The results of Moran’s I indicate significant spatial clustering of YSB, suggesting that the population and damage are not randomly distributed but exhibit spatial dependence, which aligns with similar findings in spatial ecology (Li et al., 2024). The identification of YSB population/damage hotspots using the Getis-Ord Gi* statistic further emphasizes that the southeast direction of the sampling area (L27, L28, L29, L30, L31, and L32) had more hotspots, which may be influenced by natural and socio-economic factors (Li et al., 2024). These findings are crucial for targeted pest control strategies, as focusing on identified hotspots can optimize resource allocation and enhance control efficiency. The propensity of insect movement in patches and settlement in space in a contagious fashion, within or between habitats, tends to be directional and not random (Stinner et al., 1983). This spatial pattern of immigration of YSB, prior to colonizing and increasing in population size, can be managed by following “precision targeting” the hotspots identified in this study.

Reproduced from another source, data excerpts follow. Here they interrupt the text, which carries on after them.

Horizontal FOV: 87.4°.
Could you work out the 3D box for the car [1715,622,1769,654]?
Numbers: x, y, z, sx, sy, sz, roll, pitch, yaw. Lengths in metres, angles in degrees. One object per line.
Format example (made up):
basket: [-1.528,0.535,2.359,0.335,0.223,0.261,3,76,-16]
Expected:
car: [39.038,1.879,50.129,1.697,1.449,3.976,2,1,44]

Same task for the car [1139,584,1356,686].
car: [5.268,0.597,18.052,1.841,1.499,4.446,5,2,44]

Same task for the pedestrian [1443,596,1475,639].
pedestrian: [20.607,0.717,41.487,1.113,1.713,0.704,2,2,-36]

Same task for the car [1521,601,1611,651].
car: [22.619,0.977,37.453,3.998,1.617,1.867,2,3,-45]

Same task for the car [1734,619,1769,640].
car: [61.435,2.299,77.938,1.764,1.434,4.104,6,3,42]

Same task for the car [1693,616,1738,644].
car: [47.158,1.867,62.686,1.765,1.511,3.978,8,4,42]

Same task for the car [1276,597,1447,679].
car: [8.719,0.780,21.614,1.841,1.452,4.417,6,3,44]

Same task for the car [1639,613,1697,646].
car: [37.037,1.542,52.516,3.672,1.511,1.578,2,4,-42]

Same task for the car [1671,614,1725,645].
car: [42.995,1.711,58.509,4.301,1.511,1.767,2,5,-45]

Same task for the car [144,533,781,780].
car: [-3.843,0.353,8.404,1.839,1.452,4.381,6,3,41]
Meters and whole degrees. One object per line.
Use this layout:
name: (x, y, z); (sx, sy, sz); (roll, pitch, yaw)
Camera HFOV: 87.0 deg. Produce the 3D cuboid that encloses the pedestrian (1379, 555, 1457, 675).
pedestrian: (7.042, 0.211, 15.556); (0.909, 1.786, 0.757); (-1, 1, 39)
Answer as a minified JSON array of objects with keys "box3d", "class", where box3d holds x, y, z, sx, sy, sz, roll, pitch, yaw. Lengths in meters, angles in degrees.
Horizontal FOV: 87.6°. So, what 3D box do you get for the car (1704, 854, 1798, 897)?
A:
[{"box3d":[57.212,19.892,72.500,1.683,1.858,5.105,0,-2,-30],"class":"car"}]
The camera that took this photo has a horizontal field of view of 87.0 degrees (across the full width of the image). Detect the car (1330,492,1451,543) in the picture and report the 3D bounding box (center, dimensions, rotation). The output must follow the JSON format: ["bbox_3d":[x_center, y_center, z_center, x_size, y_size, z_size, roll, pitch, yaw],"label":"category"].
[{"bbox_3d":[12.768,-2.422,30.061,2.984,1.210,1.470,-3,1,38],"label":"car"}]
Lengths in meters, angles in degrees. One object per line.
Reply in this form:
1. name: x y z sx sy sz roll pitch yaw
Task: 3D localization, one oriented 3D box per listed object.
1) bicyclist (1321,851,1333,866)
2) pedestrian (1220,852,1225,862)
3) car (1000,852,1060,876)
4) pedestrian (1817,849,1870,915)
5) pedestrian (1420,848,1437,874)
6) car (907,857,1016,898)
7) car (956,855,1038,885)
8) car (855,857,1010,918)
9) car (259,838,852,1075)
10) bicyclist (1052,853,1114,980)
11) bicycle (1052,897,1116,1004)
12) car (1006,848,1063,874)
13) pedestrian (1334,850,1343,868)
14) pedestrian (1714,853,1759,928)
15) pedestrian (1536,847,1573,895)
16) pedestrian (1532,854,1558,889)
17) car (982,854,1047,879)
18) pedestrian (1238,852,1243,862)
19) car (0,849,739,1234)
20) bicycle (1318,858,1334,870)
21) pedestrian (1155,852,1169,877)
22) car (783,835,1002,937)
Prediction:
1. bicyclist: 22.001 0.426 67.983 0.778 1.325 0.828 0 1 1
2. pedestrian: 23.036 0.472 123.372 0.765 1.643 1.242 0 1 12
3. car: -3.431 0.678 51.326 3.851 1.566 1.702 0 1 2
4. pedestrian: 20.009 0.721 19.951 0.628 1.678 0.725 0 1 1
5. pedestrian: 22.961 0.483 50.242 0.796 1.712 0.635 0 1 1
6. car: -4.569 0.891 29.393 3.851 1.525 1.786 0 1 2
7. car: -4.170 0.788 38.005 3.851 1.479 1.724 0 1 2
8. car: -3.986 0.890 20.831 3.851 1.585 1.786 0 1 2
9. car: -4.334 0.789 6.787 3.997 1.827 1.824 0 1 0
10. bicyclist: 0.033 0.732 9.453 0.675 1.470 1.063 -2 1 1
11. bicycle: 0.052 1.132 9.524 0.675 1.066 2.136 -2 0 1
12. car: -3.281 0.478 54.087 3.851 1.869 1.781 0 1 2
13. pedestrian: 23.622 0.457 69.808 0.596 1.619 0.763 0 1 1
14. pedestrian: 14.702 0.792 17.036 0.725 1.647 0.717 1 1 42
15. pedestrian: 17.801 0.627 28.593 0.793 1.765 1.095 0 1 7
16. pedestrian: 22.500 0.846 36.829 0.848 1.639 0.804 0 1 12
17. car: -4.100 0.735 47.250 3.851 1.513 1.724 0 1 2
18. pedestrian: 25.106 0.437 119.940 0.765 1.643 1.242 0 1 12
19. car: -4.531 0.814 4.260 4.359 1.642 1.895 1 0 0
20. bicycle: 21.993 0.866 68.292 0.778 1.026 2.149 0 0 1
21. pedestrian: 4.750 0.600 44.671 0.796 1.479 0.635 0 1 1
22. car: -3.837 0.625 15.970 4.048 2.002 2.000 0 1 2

Thus, one of the possible implications of this study for managing YSB is that the early installation of a reasonable number of sex pheromone traps, along with the placement of bioagent trichocards(containing Trichogramma japonicum parasitized eggs of Corcyra cephalonica) in hotspot locations, can further prevent the movement of YSB. In this way, the use of pesticides can be minimized.